I’ve always been one of those people who prefers to do things a little differently, not necessarily stand out, but to just not follow the herd. Growing up, everyone became Chicago Bulls fans, because of Michael Jordan, I decided I was going to be a LA Lakers fan, not necessarily because of Magic Johnson, but because everyone I knew wore the black and red of the Bulls, so I rocked the purple and gold. Yeah, I guess I did stand out a bit. This mentality has carried on decades later and perhaps has affected my appreciation for motorcycles.
As much as I appreciate manufacturers that mass-produce motorbikes, there’s something about smaller companies that make specialized bikes that really spikes my interest. Mom and pop operations that have had their struggles but continue to power through with passion and determination. Companies that look at their craft not just as machines that move people around, but as a form of expression – an extension of the people behind the bike, and the rider in the saddle – a form of art. This is the type of company MV Agusta is, and when I found out that Motostrada was bringing the brand to the Philippines, back in 2019, I couldn’t hold back my excitement.

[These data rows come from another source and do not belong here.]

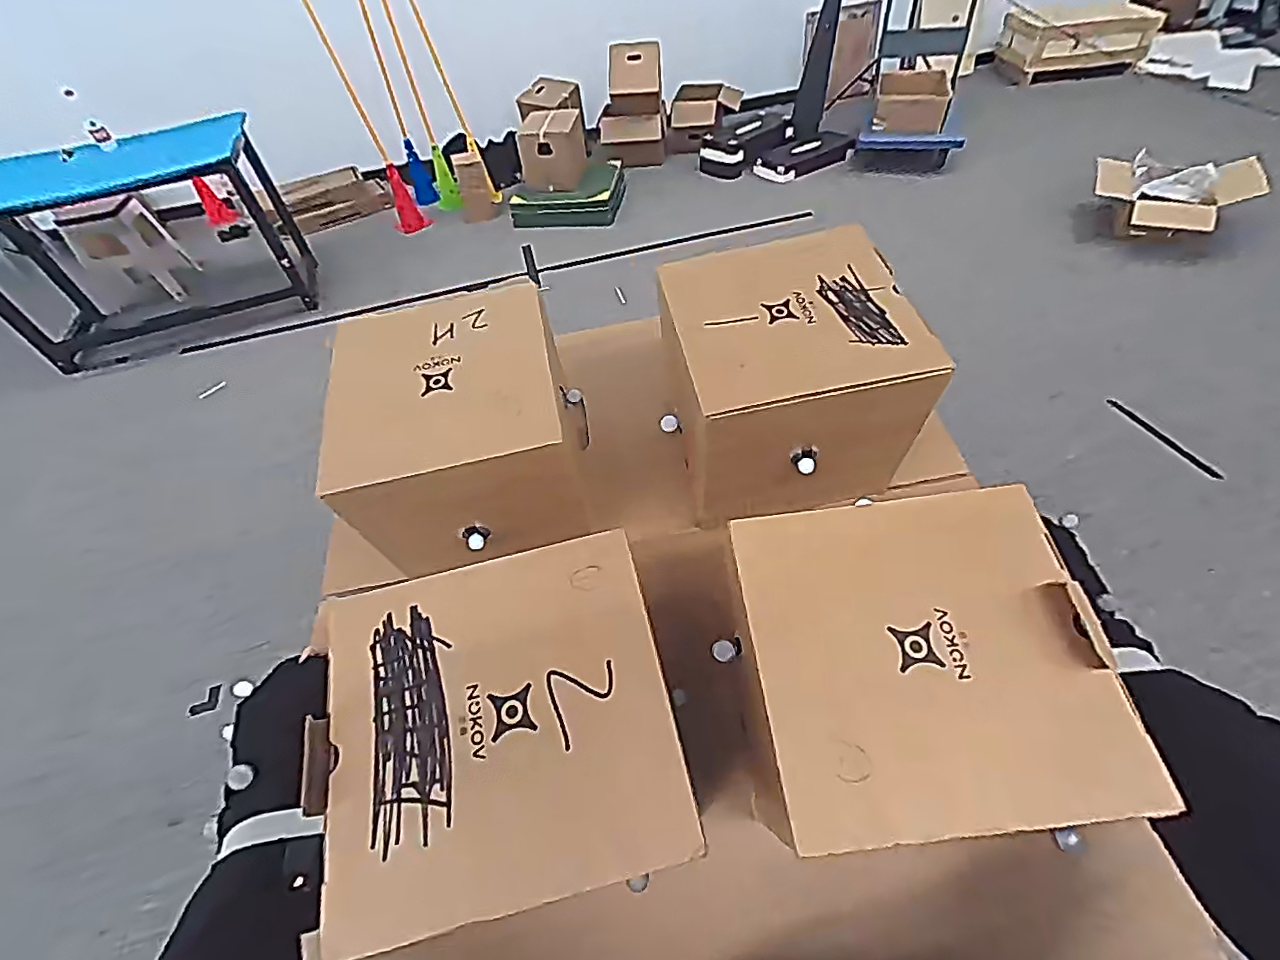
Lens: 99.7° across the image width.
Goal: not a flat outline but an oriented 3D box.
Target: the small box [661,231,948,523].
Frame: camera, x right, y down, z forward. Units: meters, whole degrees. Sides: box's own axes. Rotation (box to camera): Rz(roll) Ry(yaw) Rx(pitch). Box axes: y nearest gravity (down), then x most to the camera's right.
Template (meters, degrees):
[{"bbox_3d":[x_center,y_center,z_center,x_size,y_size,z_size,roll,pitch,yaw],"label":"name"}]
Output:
[{"bbox_3d":[0.120,-0.081,0.472,0.179,0.176,0.168,-11,58,0],"label":"small box"}]

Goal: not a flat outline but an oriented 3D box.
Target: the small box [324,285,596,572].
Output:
[{"bbox_3d":[-0.139,-0.033,0.471,0.168,0.176,0.179,-12,57,-2],"label":"small box"}]
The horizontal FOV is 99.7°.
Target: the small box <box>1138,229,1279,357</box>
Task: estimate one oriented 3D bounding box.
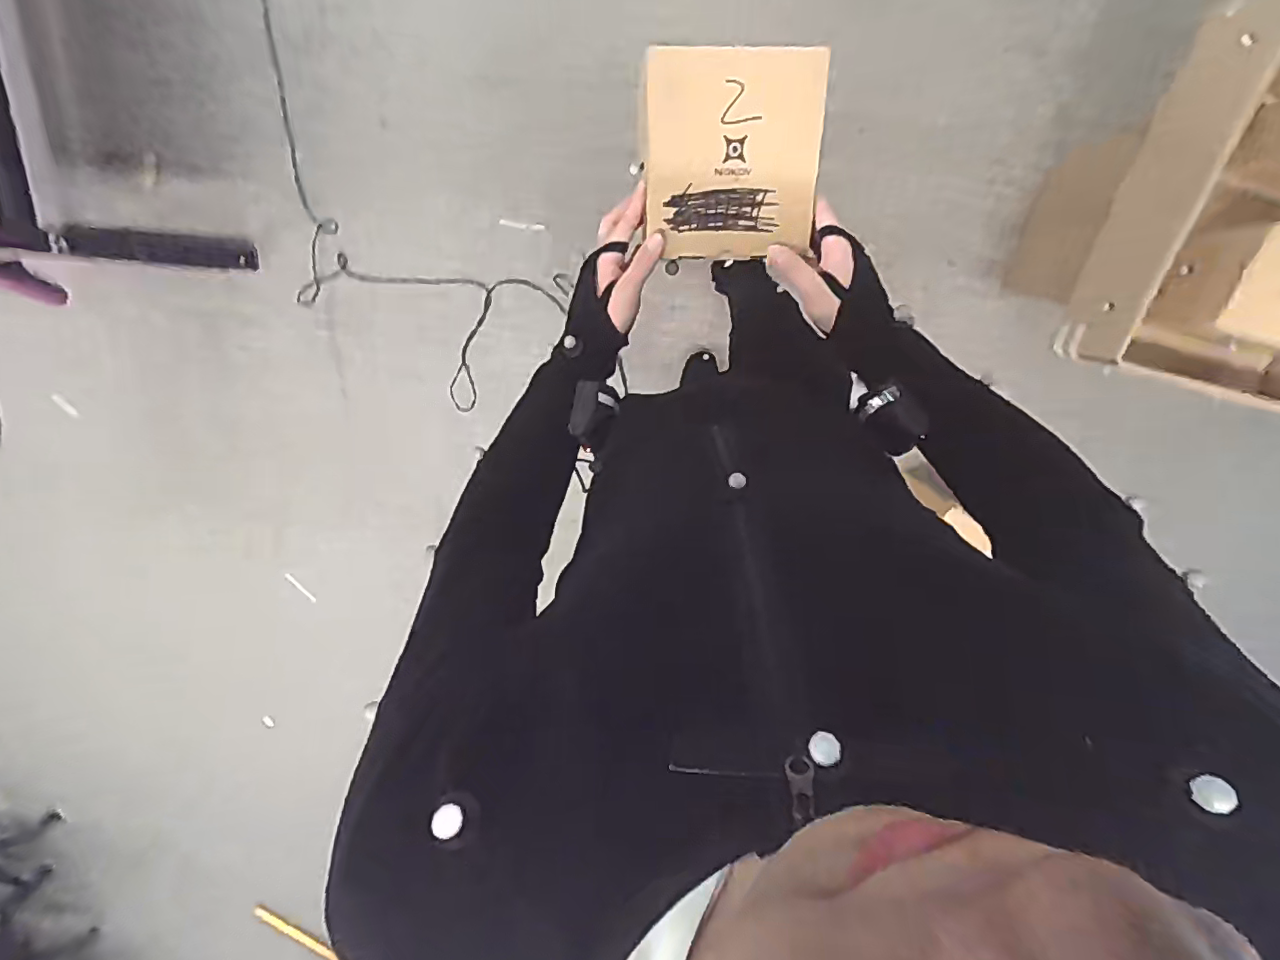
[{"bbox_3d":[1.059,-0.325,0.951,0.179,0.176,0.168,16,109,-1],"label":"small box"}]

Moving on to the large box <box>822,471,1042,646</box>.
[{"bbox_3d":[0.789,0.247,1.534,0.320,0.320,0.408,30,107,-7],"label":"large box"}]

Late last year, I was invited to the Clark International Speedway to test out the different MC brands that Motostrada brings in, when I finally got on the MV Agusta Brutale 800, several rounds around the 3km track was just not enough. So I waited patiently for my turn to borrow the unit and test it out in real-life conditions. I got to know the bike pretty well, as the unit was with me for some time.
I road it through different conditions such as rain on the expressway, directly under the sun in Edsa traffic, pretty much everywhere I normally go to, whether it was Tagaytay, Batangas, Marilaque, or just normal city riding. In every place I went to, people stopped me and asked about the bike. I could feel people staring, and I can’t blame them, as the bike really does look good, and I mean its ridiculously good looking. Its an aggressive compact little pocket rocket with a big chest and narrow waist – yes I’m still referring to the bike. The wide tank and the air intakes show off the bikes muscles. It’s got an exposed trellis frame, a floating seat design – which is really more style over function, and the drop-dead gorgeous signature three-pipe exhaust. The thing I hate most about most motorcycle designs are the taillights and rear fender, well MV Agusta agrees with me, so they made the Brutale 800’s rear look tight, with a rear number plate hanger which also holds the rear indicators. The bike is distinctive and as I said, will draw a lot of attention.
The not so dashing
I’m convinced, that MV Agusta spent so much time designing the bike to perfection, that they completely rushed the dash. The LCD display reminds me of the dash of the CF MOTO NK 650, which is also distributed by Motostrada. It shows the speedometer, tachometer, clock, shift light, engine temperature, gear position indicator, riding mode, ABS, and traction control with their levels. It doesn’t show the fuel level! Why?! How can it not show how much fuel is in the tank? When I started riding it, I figured it out, you can hardly see the dash anyway, and I never really looked down at it. Out of sight, and out of mind.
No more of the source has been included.